If you specify --dont_panic
, the return code will be 0 even if there are unresolved modules.
Pypackagery provides a module packagery
which can be used to programmatically determine the dependencies of the
subset of the code base. For example, this is particularly useful for deployments to a remote machine where you
want to deploy only a part of the code base depending on some given configuration.
Here is an example:
import pathlib
import packagery
root_dir = pathlib.Path('/some/codebase')
rel_pths = [
pathlib.Path("some/dir/file1.py"),
pathlib.Path("some/other/dir/file2.py")]
requirements_txt = root_dir / "requirements.txt"
module_to_requirement_tsv = root_dir / "module_to_requirement.tsv"
requirements = packagery.parse_requirements(
text=requirements_txt.read_text())
module_to_requirement = packagery.parse_module_to_requirement(
text=module_to_requirement_tsv.read_text(),
filename=module_to_requirement_tsv.as_posix())

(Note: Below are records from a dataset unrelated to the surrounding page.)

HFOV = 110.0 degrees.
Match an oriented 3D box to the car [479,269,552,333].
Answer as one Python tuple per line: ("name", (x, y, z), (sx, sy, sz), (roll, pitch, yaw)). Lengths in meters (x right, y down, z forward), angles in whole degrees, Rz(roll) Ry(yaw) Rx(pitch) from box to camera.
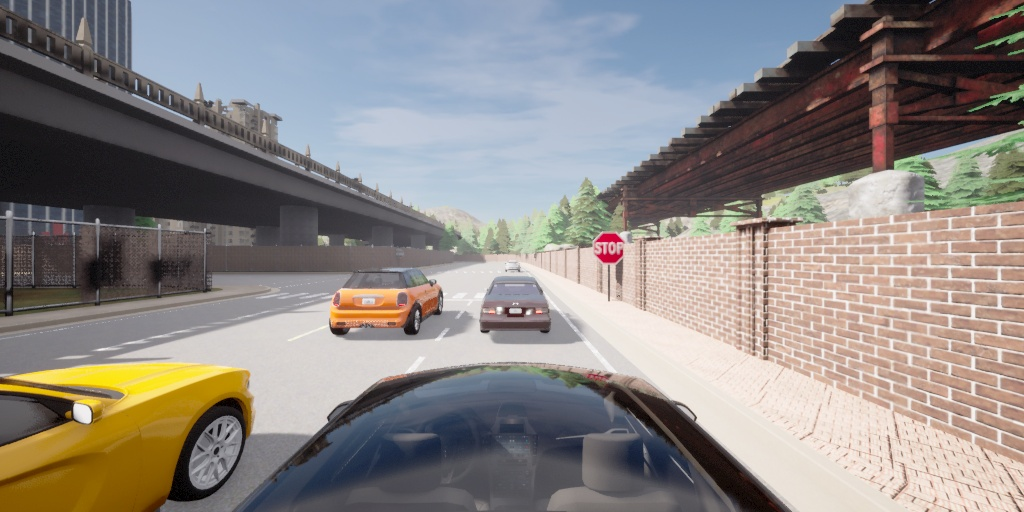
("car", (0.078, 1.297, 10.693), (2.033, 1.411, 5.357), (0, 0, 0))

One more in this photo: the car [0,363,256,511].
("car", (-3.399, 1.228, 1.413), (1.882, 1.535, 5.008), (0, 0, 0))

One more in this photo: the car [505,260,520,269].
("car", (0.086, 1.276, 45.548), (1.812, 1.442, 4.674), (0, 0, -1))

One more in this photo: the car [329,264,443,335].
("car", (-3.423, 1.102, 10.670), (2.097, 1.767, 4.553), (0, 0, 0))
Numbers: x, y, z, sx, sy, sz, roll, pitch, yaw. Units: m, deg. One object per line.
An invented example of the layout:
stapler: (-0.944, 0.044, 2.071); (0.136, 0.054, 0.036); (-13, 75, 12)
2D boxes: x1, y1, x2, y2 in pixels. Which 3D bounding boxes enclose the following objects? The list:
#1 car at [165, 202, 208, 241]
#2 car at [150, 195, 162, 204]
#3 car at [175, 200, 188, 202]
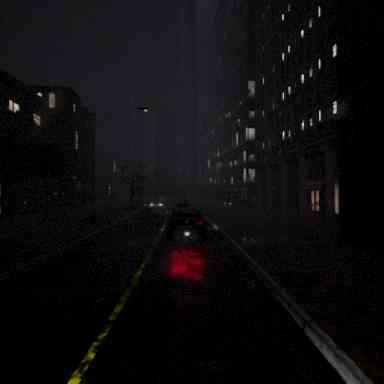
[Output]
car: (-0.276, 1.507, 16.633); (1.837, 1.490, 4.892); (0, 1, -2)
car: (-6.743, 1.311, 62.397); (2.097, 1.767, 4.553); (0, 0, -7)
car: (-1.035, 1.518, 32.045); (1.812, 1.442, 4.674); (0, 0, -3)
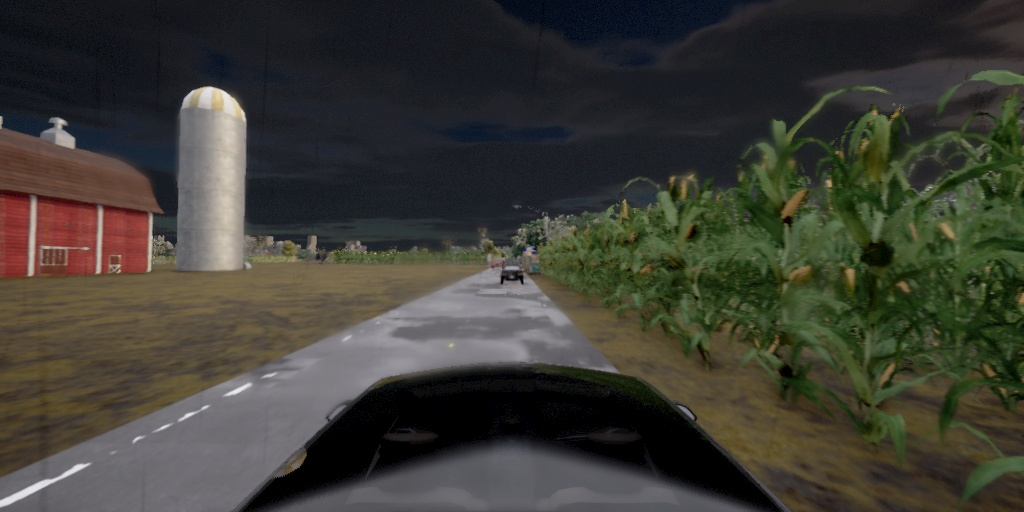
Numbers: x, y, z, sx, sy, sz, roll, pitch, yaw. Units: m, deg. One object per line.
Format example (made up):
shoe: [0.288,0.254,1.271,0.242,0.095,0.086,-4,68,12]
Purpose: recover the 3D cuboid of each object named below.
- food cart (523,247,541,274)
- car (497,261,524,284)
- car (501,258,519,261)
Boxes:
food cart: [3.133,0.603,49.351,2.280,3.560,4.660,0,0,0]
car: [0.012,1.459,29.862,1.882,1.535,5.008,0,0,0]
car: [0.062,1.327,45.126,2.150,2.045,5.566,0,0,1]

pkg = packagery.collect_dependency_graph(
root_dir=root_dir,
rel_paths=rel_pths,
requirements=requirements,
module_to_requirement=module_to_requirement)

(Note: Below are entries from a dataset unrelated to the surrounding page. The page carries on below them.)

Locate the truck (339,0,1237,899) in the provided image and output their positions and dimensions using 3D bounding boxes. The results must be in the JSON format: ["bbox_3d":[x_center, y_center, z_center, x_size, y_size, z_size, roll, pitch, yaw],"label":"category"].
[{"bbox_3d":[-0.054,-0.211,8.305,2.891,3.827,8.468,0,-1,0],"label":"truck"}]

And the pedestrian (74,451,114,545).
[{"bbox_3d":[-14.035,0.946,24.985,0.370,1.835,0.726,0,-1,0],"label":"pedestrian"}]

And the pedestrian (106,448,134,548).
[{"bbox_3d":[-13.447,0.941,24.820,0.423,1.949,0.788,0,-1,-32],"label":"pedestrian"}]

# do something with pkg ...
Mind that relative paths (given as rel_paths
argument) all need to be files, not directories.
The documentation is available on readthedocs.
- Create a virtual environment:
python3 -m venv venv3
- Activate it:
source venv3/bin/activate
- Install pypackagery with pip:
pip3 install pypackagery
- Check out the repository.
- In the repository root, create the virtual environment:
python3 -m venv venv3
- Activate the virtual environment:
source venv3/bin/activate
- Install the development dependencies:
pip3 install -e .[dev]
We use tox for testing and packaging the distribution:
tox
We provide a set of pre-commit checks that lint and check code for formatting.
Namely, we use:
- yapf to check the formatting.
- The style of the docstrings is checked with pydocstyle.
- Static type analysis is performed with mypy.
- Various linter checks are done with pylint.
- Doctests are executed using the Python doctest module.
Run the pre-commit checks locally from an activated virtual environment with development dependencies:
./precommit.py
- The pre-commit script can also automatically format the code:
./precommit.py --overwrite
We follow Semantic Versioning. The version X.Y.Z indicates:
- X is the major version (backward-incompatible),
- Y is the minor version (backward-compatible), and
- Z is the patch version (backward-compatible bug fix).